Na decisão, o juiz Ricardo Leite, da 10ª Vara Federal em Brasília, apesar de ter rejeitado a denúncia contra Glenn, afirmou que enxerga “indícios de conduta criminosa” por parte do jornalista. Ele preferiu não acatar o pedido do MPF, no entanto, por conta da decisão liminar do ministro Gilmar Mendes, do Supremo Tribunal Federal (STF), que impede que o editor do Intercept seja investigado, com o objetivo de garantir a liberdade de imprensa e o direito de sigilo da fonte.
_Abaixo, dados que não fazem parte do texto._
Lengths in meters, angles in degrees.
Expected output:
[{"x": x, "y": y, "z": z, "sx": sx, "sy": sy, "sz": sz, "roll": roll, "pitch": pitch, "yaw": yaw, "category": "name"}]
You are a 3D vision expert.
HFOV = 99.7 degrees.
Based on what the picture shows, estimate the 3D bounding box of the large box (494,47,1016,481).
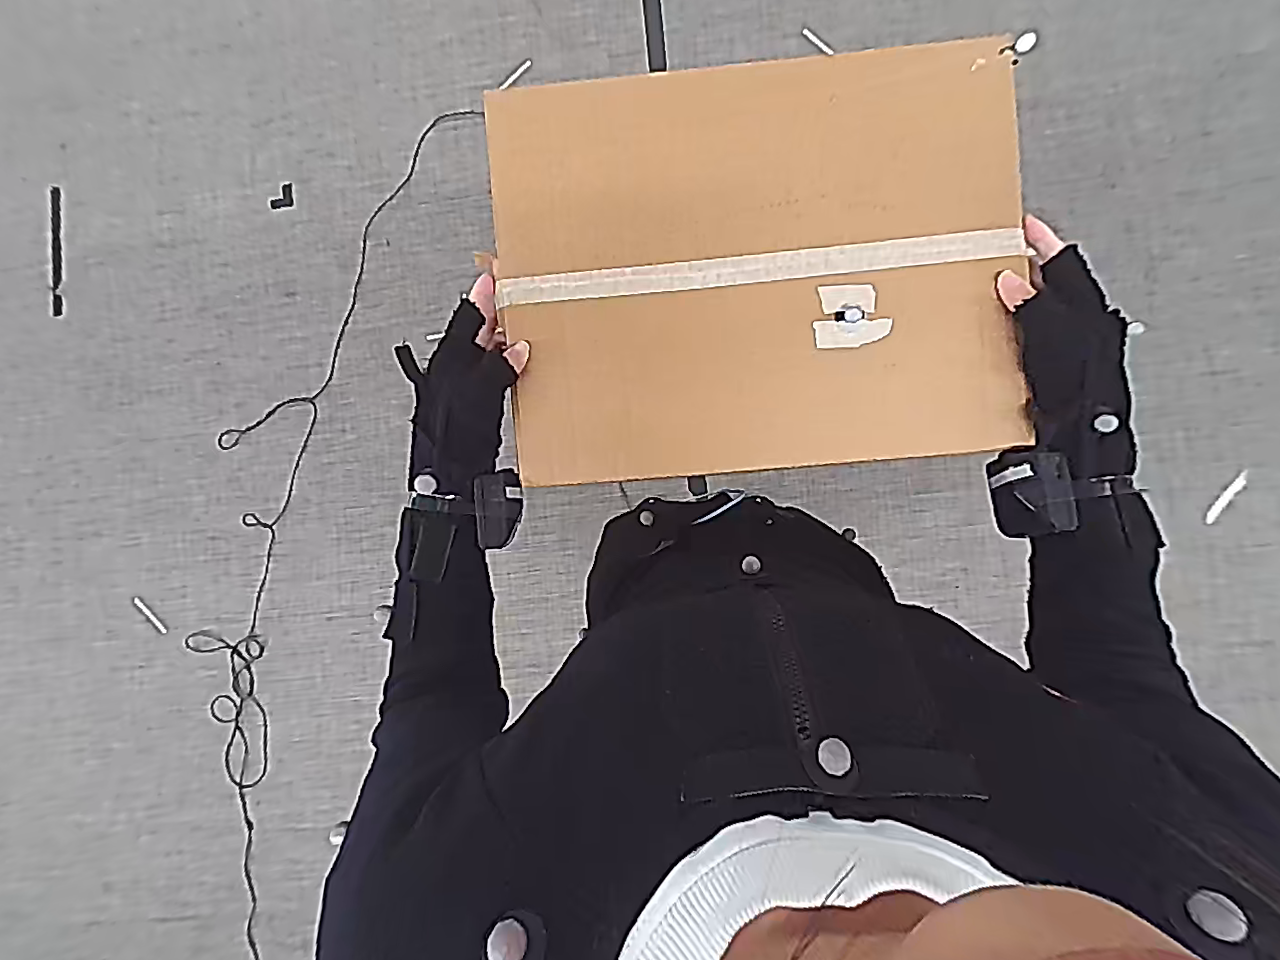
[{"x": 0.094, "y": -0.176, "z": 0.584, "sx": 0.408, "sy": 0.320, "sz": 0.320, "roll": -5, "pitch": 93, "yaw": 1, "category": "large box"}]
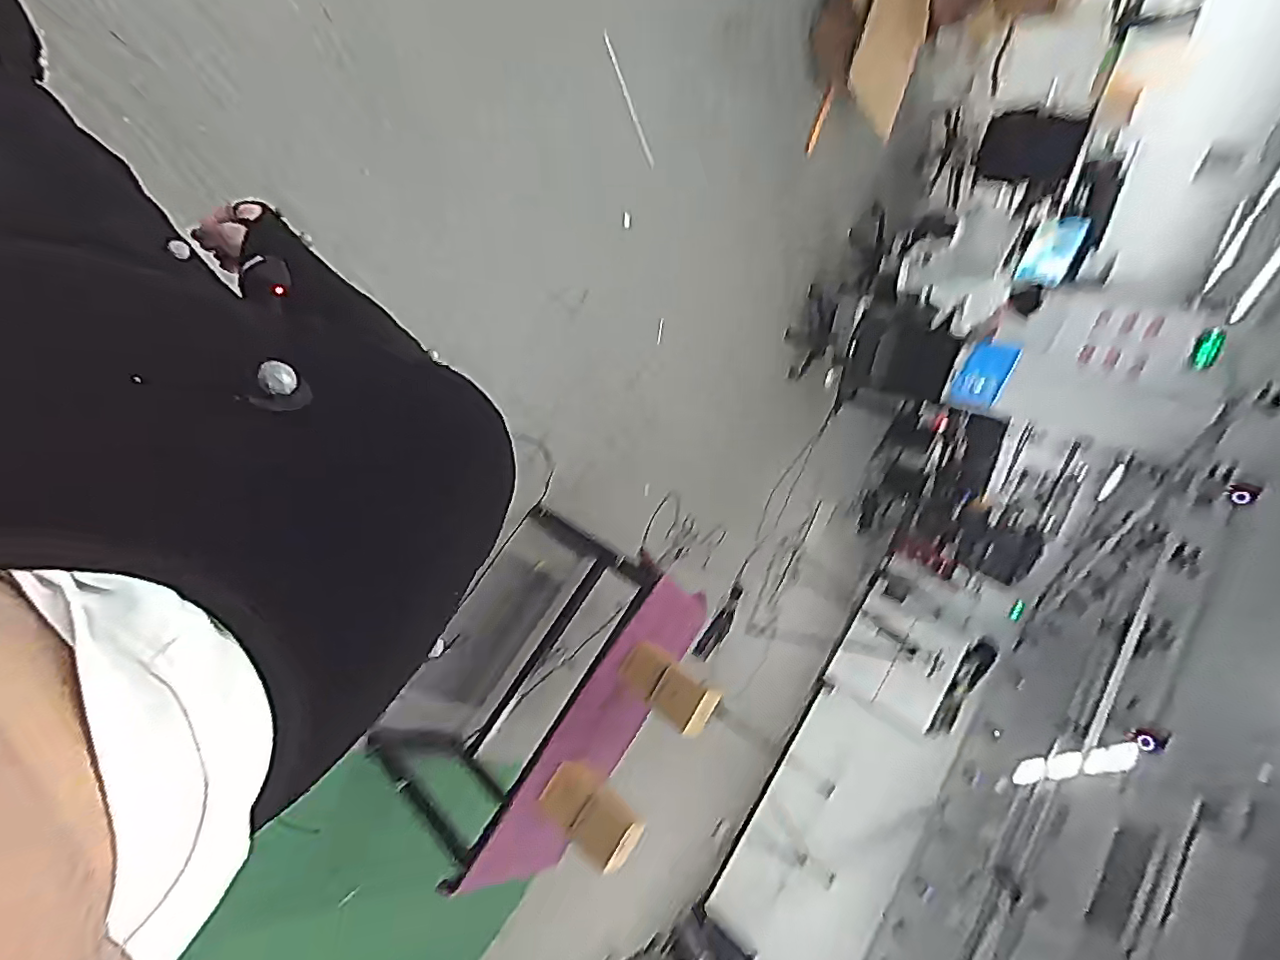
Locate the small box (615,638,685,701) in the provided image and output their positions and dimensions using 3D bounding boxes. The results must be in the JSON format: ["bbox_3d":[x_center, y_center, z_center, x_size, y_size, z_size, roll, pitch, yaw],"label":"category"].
[{"bbox_3d":[0.038,0.718,2.045,0.168,0.176,0.179,-60,148,-8],"label":"small box"}]

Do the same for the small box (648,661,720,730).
[{"bbox_3d":[0.157,0.772,1.941,0.168,0.176,0.179,-58,147,-8],"label":"small box"}]

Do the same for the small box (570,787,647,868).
[{"bbox_3d":[-0.109,1.178,1.845,0.168,0.176,0.179,-56,149,-14],"label":"small box"}]

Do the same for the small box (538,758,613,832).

“Deixo de receber, por ora, a denúncia em desfavor de Glenn Greenwald, diante da controvérsia sobre a amplitude da liminar deferida pelo Ministro Gilmar Mendes na ADPF nº 601, em 24/08/2019”, escreveu o magistrado.

As denúncias contra outros seis alvos da operação Spoofing foram acatadas pelo juiz.

Não é o suficiente

Em vídeo divulgado nas redes sociais após a decisão da Justiça em rejeitar a denúncia, Glenn Greenwald afirmou que o procurador que o denunciou pratica abuso de poder e que, para ele, a rejeição por parte do juiz não é o suficiente.

“Neste caso, o juiz disse que ele não pôde aceitar a denúncia contra mim por causa da decisão anterior do STF, que proibiu que eu possa ser investigado por causa da minha reportagem, muito menos denunciado por causa da minha reportagem, porque isso é uma violação da Constituição, do direito constitucional para uma imprensa livre. Mas isso não é suficiente pra gente. Nossos advogados agora vão ir para o STF e eles vão pedir uma decisão que deixe bem claro que essa denúncia não é só contrária à decisão anterior do STF mas muito mais do que isso, como quase todas as organizações de mídia e organizações em defesa da liberdade de imprensa, não só aqui no Brasil mas mundial, inclusive hoje a ONU que, como todos, disseram que essa denúncia é um ataque grave contra uma imprensa livre e à liberdade de imprensa”, disse Greenwald.